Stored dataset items
--

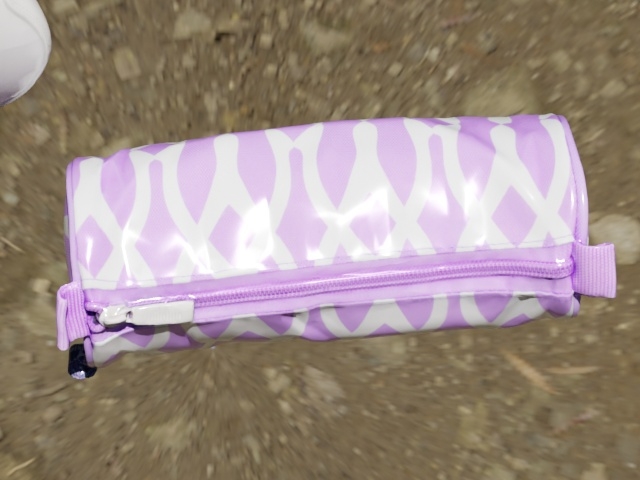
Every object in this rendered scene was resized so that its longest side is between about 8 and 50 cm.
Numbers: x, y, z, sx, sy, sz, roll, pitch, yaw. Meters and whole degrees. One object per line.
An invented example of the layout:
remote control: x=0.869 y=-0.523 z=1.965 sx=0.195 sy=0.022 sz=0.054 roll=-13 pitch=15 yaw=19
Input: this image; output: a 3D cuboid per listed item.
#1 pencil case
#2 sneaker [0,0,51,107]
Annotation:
pencil case: x=0.000 y=0.000 z=0.687 sx=0.206 sy=0.088 sz=0.086 roll=-8 pitch=110 yaw=0
sneaker: x=-0.168 y=-0.055 z=0.599 sx=0.115 sy=0.232 sz=0.090 roll=49 pitch=117 yaw=26
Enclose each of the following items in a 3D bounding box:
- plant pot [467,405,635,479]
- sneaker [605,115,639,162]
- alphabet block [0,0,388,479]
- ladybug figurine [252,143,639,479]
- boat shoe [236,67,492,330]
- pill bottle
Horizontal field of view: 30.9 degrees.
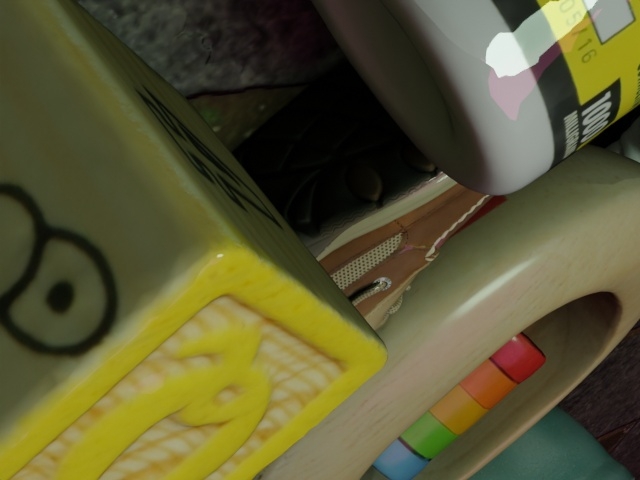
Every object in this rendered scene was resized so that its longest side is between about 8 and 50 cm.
[{"bbox_3d":[0.124,0.235,1.117,0.293,0.196,0.293,-32,162,-12],"label":"plant pot"},{"bbox_3d":[0.307,-0.035,1.081,0.129,0.111,0.297,-32,152,23],"label":"sneaker"},{"bbox_3d":[-0.118,0.023,0.538,0.192,0.197,0.193,-41,152,7],"label":"alphabet block"},{"bbox_3d":[0.068,0.083,0.883,0.449,0.162,0.305,-40,152,3],"label":"ladybug figurine"},{"bbox_3d":[0.000,0.000,0.711,0.324,0.122,0.120,-32,135,6],"label":"boat shoe"},{"bbox_3d":[0.162,-0.187,0.565,0.334,0.188,0.188,-36,152,-4],"label":"pill bottle"}]
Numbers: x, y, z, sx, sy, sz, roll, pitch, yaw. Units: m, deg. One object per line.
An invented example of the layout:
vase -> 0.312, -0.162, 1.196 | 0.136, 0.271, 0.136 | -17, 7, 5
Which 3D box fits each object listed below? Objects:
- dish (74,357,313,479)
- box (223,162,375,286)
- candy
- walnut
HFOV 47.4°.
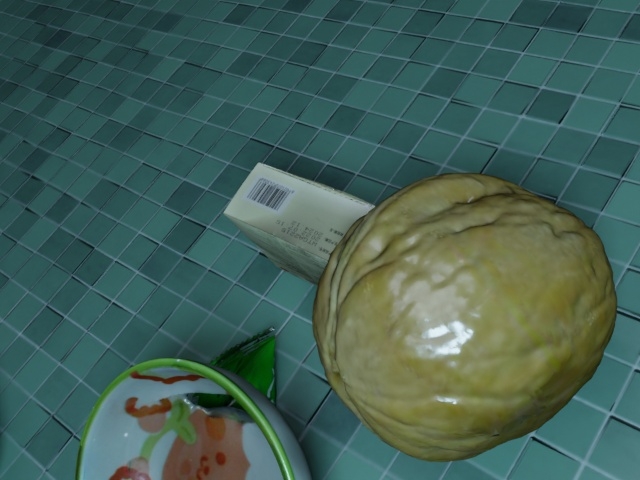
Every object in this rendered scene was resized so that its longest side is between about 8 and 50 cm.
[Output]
dish -> -0.123, 0.287, 0.821 | 0.324, 0.124, 0.325 | -1, 88, 32
box -> 0.000, 0.000, 0.993 | 0.212, 0.168, 0.095 | 24, 72, 37
candy -> -0.112, 0.218, 0.942 | 0.141, 0.078, 0.203 | -21, 44, 12
walnut -> 0.154, 0.075, 0.788 | 0.332, 0.333, 0.333 | -13, 50, 16
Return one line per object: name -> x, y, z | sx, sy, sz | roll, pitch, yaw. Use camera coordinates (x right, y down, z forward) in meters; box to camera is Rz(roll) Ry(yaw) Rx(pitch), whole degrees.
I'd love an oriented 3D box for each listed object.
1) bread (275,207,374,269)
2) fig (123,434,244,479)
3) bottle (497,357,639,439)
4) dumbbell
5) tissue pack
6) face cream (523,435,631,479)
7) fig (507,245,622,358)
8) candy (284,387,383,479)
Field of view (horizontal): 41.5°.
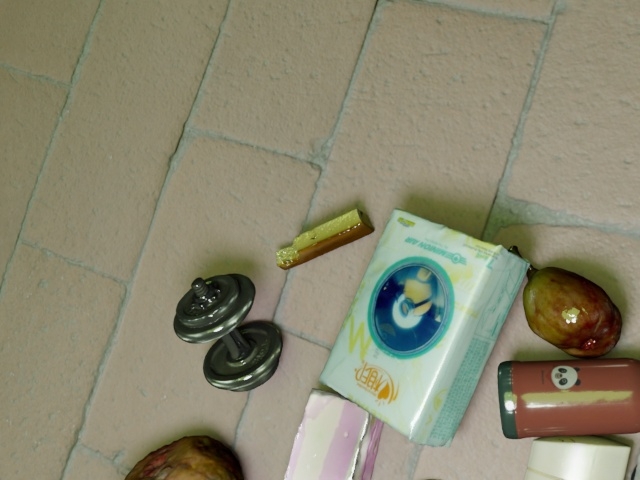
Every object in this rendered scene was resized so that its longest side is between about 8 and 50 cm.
bread -> 0.000, 0.000, 1.826 | 0.226, 0.088, 0.049 | -24, 73, 16
fig -> -0.267, 0.613, 1.776 | 0.286, 0.286, 0.368 | -14, 105, 21
bottle -> 0.492, 0.281, 1.511 | 0.336, 0.144, 0.143 | -5, 78, 16
dumbbell -> -0.194, 0.193, 1.787 | 0.192, 0.290, 0.192 | -20, 31, 12
tissue pack -> 0.193, 0.161, 1.632 | 0.287, 0.162, 0.388 | 24, 91, 47
face cream -> 0.437, 0.517, 1.529 | 0.174, 0.081, 0.348 | 11, 84, 26
fig -> 0.436, 0.104, 1.587 | 0.145, 0.170, 0.274 | -48, 46, 12
candy -> 0.023, 0.444, 1.709 | 0.156, 0.116, 0.265 | 12, 85, 26
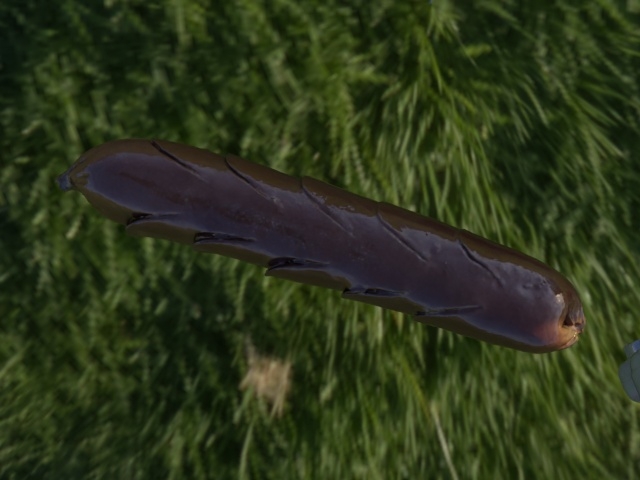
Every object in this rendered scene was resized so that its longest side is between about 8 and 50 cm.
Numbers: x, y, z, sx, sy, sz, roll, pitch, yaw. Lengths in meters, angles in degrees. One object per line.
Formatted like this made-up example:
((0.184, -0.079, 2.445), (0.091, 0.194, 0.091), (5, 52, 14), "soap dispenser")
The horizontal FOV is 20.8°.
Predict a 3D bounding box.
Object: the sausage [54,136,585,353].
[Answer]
((0.000, -0.002, 1.363), (0.433, 0.088, 0.088), (17, 98, 5), "sausage")

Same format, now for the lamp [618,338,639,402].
((0.388, 0.126, 1.724), (0.179, 0.246, 0.108), (-14, 82, -20), "lamp")
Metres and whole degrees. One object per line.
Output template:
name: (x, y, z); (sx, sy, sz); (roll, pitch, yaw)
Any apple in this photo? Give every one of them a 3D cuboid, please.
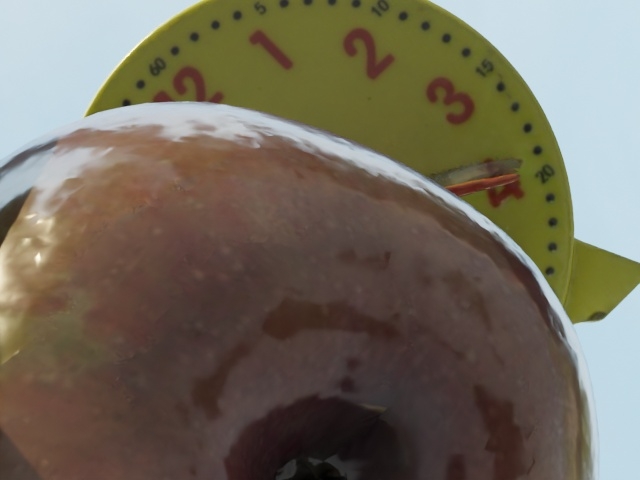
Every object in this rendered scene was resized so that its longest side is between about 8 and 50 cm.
apple: (-0.040, 0.087, 0.605); (0.306, 0.235, 0.305); (8, -108, -25)

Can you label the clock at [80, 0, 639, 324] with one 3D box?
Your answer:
clock: (-0.002, -0.001, 0.891); (0.293, 0.071, 0.277); (39, -90, 6)
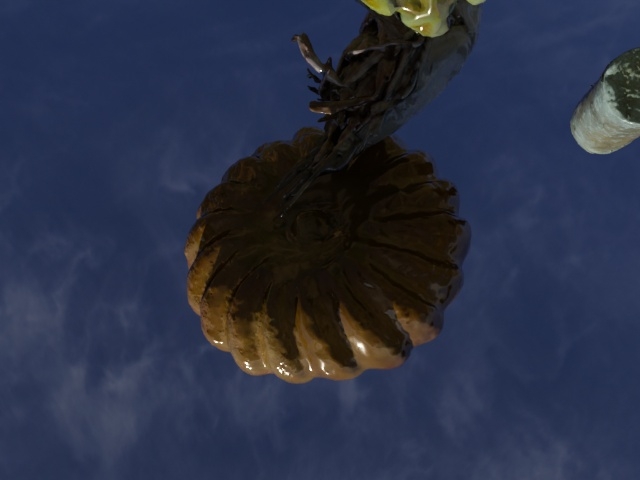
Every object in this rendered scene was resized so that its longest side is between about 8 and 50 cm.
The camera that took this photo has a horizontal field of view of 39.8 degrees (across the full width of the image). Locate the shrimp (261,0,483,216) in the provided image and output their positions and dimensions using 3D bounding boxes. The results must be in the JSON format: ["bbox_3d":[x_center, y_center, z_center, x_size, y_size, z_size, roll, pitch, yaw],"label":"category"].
[{"bbox_3d":[0.049,-0.164,0.923,0.116,0.145,0.343,31,-103,40],"label":"shrimp"}]

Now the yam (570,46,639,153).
[{"bbox_3d":[0.363,-0.161,1.067,0.093,0.259,0.093,0,-92,7],"label":"yam"}]

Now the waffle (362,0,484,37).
[{"bbox_3d":[0.066,-0.234,0.533,0.223,0.204,0.054,24,-150,-29],"label":"waffle"}]

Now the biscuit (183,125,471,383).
[{"bbox_3d":[0.000,0.000,0.969,0.326,0.107,0.325,-6,-121,10],"label":"biscuit"}]
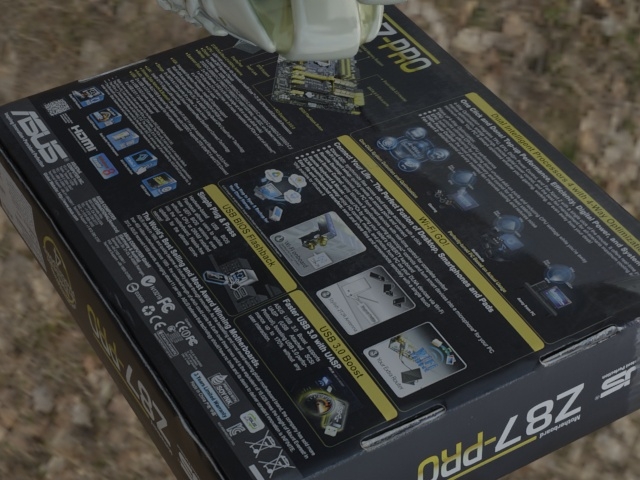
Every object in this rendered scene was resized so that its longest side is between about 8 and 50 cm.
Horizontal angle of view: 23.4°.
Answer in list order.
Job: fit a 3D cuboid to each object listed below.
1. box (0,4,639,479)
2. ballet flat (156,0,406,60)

--

## AIM OF THE EXERCISE
In your copy, omit the pictures and restate every line of the data word for word.

## RESULT
Every object in this rendered scene was resized so that its longest side is between about 8 and 50 cm.
Numbers: x, y, z, sx, sy, sz, roll, pitch, yaw. Meters and whole degrees. One object per line.
An invented example of the layout:
remote control: x=0.869 y=-0.523 z=1.965 sx=0.195 sy=0.022 sz=0.054 roll=-13 pitch=15 yaw=19
Input: this image; output: a 3D cuboid per listed item.
#1 pencil case
#2 sneaker [0,0,51,107]
Annotation:
pencil case: x=0.000 y=0.000 z=0.687 sx=0.206 sy=0.088 sz=0.086 roll=-8 pitch=110 yaw=0
sneaker: x=-0.168 y=-0.055 z=0.599 sx=0.115 sy=0.232 sz=0.090 roll=49 pitch=117 yaw=26
Enclose each of the following items in a 3D bounding box:
- plant pot [467,405,635,479]
- sneaker [605,115,639,162]
- alphabet block [0,0,388,479]
- ladybug figurine [252,143,639,479]
- boat shoe [236,67,492,330]
- pill bottle
Horizontal field of view: 30.9 degrees.
Every object in this rendered scene was resized so that its longest side is between about 8 and 50 cm.
[{"bbox_3d":[0.124,0.235,1.117,0.293,0.196,0.293,-32,162,-12],"label":"plant pot"},{"bbox_3d":[0.307,-0.035,1.081,0.129,0.111,0.297,-32,152,23],"label":"sneaker"},{"bbox_3d":[-0.118,0.023,0.538,0.192,0.197,0.193,-41,152,7],"label":"alphabet block"},{"bbox_3d":[0.068,0.083,0.883,0.449,0.162,0.305,-40,152,3],"label":"ladybug figurine"},{"bbox_3d":[0.000,0.000,0.711,0.324,0.122,0.120,-32,135,6],"label":"boat shoe"},{"bbox_3d":[0.162,-0.187,0.565,0.334,0.188,0.188,-36,152,-4],"label":"pill bottle"}]
Numbers: x, y, z, sx, sy, sz, roll, pitch, yaw. Units: m, deg. One object per line.
An invented example of the layout:
vase -> 0.312, -0.162, 1.196 | 0.136, 0.271, 0.136 | -17, 7, 5
Which 3D box fits each object listed below? Objects:
- dish (74,357,313,479)
- box (223,162,375,286)
- candy
- walnut
HFOV 47.4°.
Every object in this rendered scene was resized so that its longest side is between about 8 and 50 cm.
[Output]
dish -> -0.123, 0.287, 0.821 | 0.324, 0.124, 0.325 | -1, 88, 32
box -> 0.000, 0.000, 0.993 | 0.212, 0.168, 0.095 | 24, 72, 37
candy -> -0.112, 0.218, 0.942 | 0.141, 0.078, 0.203 | -21, 44, 12
walnut -> 0.154, 0.075, 0.788 | 0.332, 0.333, 0.333 | -13, 50, 16
Return one line per object: name -> x, y, z | sx, sy, sz | roll, pitch, yaw. Use camera coordinates (x right, y down, z forward) in meters; box to camera is Rz(roll) Ry(yaw) Rx(pitch), whole degrees.
I'd love an oriented 3D box for each listed object.
1) bread (275,207,374,269)
2) fig (123,434,244,479)
3) bottle (497,357,639,439)
4) dumbbell
5) tissue pack
6) face cream (523,435,631,479)
7) fig (507,245,622,358)
8) candy (284,387,383,479)
Field of view (horizontal): 41.5°.
Every object in this rendered scene was resized so that its longest side is between about 8 and 50 cm.
bread -> 0.000, 0.000, 1.826 | 0.226, 0.088, 0.049 | -24, 73, 16
fig -> -0.267, 0.613, 1.776 | 0.286, 0.286, 0.368 | -14, 105, 21
bottle -> 0.492, 0.281, 1.511 | 0.336, 0.144, 0.143 | -5, 78, 16
dumbbell -> -0.194, 0.193, 1.787 | 0.192, 0.290, 0.192 | -20, 31, 12
tissue pack -> 0.193, 0.161, 1.632 | 0.287, 0.162, 0.388 | 24, 91, 47
face cream -> 0.437, 0.517, 1.529 | 0.174, 0.081, 0.348 | 11, 84, 26
fig -> 0.436, 0.104, 1.587 | 0.145, 0.170, 0.274 | -48, 46, 12
candy -> 0.023, 0.444, 1.709 | 0.156, 0.116, 0.265 | 12, 85, 26
Every object in this rendered scene was resized so that its longest side is between about 8 and 50 cm.
Numbers: x, y, z, sx, sy, sz, roll, pitch, yaw. Lengths in meters, angles in degrees. One object per line.
Formatted like this made-up example:
((0.184, -0.079, 2.445), (0.091, 0.194, 0.091), (5, 52, 14), "soap dispenser")
The horizontal FOV is 20.8°.
Predict a 3D bounding box.
Object: the sausage [54,136,585,353].
[Answer]
((0.000, -0.002, 1.363), (0.433, 0.088, 0.088), (17, 98, 5), "sausage")

Same format, now for the lamp [618,338,639,402].
((0.388, 0.126, 1.724), (0.179, 0.246, 0.108), (-14, 82, -20), "lamp")
Metres and whole degrees. One object per line.
Output template:
name: (x, y, z); (sx, sy, sz); (roll, pitch, yaw)
Any apple in this photo? Give every one of them a 3D cuboid, please.
Every object in this rendered scene was resized so that its longest side is between about 8 and 50 cm.
apple: (-0.040, 0.087, 0.605); (0.306, 0.235, 0.305); (8, -108, -25)

Can you label the clock at [80, 0, 639, 324] with one 3D box?
Your answer:
clock: (-0.002, -0.001, 0.891); (0.293, 0.071, 0.277); (39, -90, 6)
Every object in this rendered scene was resized so that its longest side is between about 8 and 50 cm.
The camera that took this photo has a horizontal field of view of 39.8 degrees (across the full width of the image). Locate the shrimp (261,0,483,216) in the provided image and output their positions and dimensions using 3D bounding boxes. The results must be in the JSON format: ["bbox_3d":[x_center, y_center, z_center, x_size, y_size, z_size, roll, pitch, yaw],"label":"category"].
[{"bbox_3d":[0.049,-0.164,0.923,0.116,0.145,0.343,31,-103,40],"label":"shrimp"}]

Now the yam (570,46,639,153).
[{"bbox_3d":[0.363,-0.161,1.067,0.093,0.259,0.093,0,-92,7],"label":"yam"}]

Now the waffle (362,0,484,37).
[{"bbox_3d":[0.066,-0.234,0.533,0.223,0.204,0.054,24,-150,-29],"label":"waffle"}]

Now the biscuit (183,125,471,383).
[{"bbox_3d":[0.000,0.000,0.969,0.326,0.107,0.325,-6,-121,10],"label":"biscuit"}]
Every object in this rendered scene was resized so that its longest side is between about 8 and 50 cm.
Horizontal angle of view: 23.4°.
Answer in list order.
Job: fit a 3D cuboid to each object listed below.
1. box (0,4,639,479)
2. ballet flat (156,0,406,60)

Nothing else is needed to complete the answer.